Department of Epidemiology, UNC Chapel Hill, Chapel Hill, North Carolina, USA.
Research Department of Practice and Policy, UCL School of Pharmacy, London, UK.
Stat Med. 2021 Mar 30;40(7):1718-1735. doi: 10.1002/sim.8866. Epub 2020 Dec 29.
Confounding can cause substantial bias in nonexperimental studies that aim to estimate causal effects. Propensity score methods allow researchers to reduce bias from measured confounding by summarizing the distributions of many measured confounders in a single score based on the probability of receiving treatment. This score can then be used to mitigate imbalances in the distributions of these measured confounders between those who received the treatment of interest and those in the comparator population, resulting in less biased treatment effect estimates. This methodology was formalized by Rosenbaum and Rubin in 1983 and, since then, has been used increasingly often across a wide variety of scientific disciplines. In this review article, we provide an overview of propensity scores in the context of real-world evidence generation with a focus on their use in the setting of single treatment decisions, that is, choosing between two therapeutic options. We describe five aspects of propensity score analysis: alignment with the potential outcomes framework, implications for study design, estimation procedures, implementation options, and reporting. We add context to these concepts by highlighting how the types of comparator used, the implementation method, and balance assessment techniques have changed over time. Finally, we discuss evolving applications of propensity scores.

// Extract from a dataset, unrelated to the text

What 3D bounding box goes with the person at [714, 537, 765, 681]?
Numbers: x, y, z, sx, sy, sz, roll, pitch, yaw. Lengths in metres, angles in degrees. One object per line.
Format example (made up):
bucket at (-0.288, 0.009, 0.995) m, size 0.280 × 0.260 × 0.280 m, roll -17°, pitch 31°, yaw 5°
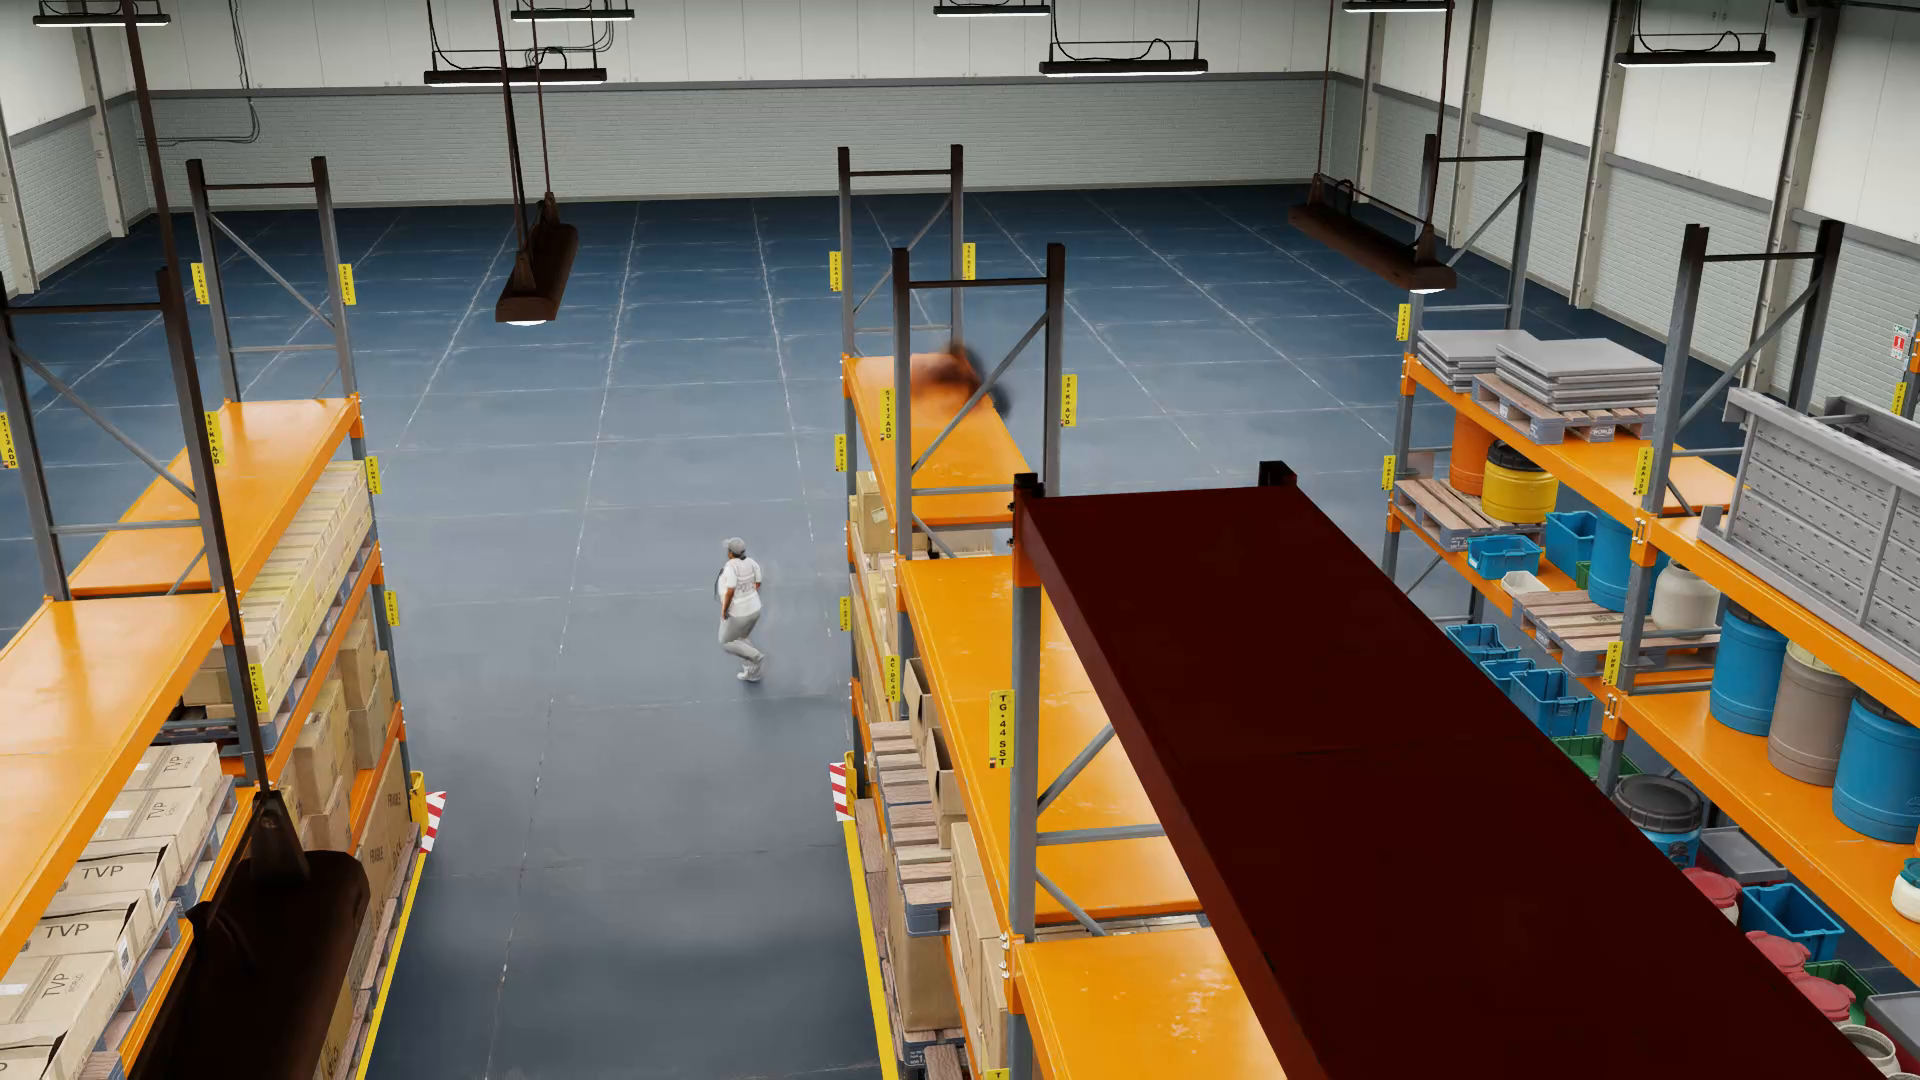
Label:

混杂因素可能会导致非实验性研究中因果效应的估计产生很大偏差。倾向评分方法允许研究人员通过基于治疗接受概率将许多测量混杂因素的分布总结到一个单一的评分中,从而减少由测量混杂因素引起的偏差。然后,该评分可以用于减轻治疗组和对照组之间这些测量混杂因素分布的不平衡,从而得出偏差较小的治疗效果估计值。这种方法由 Rosenbaum 和 Rubin 于 1983 年正式提出,此后,已在广泛的科学领域中越来越多地被使用。在这篇综述文章中,我们将在真实世界证据生成的背景下介绍倾向评分,并重点介绍其在单一治疗决策中的使用,即两种治疗选择之间的选择。我们描述了倾向评分分析的五个方面:与潜在结果框架的一致性、对研究设计的影响、估计程序、实施选项和报告。我们通过强调随着时间的推移,比较器的类型、实施方法和平衡评估技术的变化,为这些概念提供了背景。最后,我们讨论了倾向评分的不断发展的应用。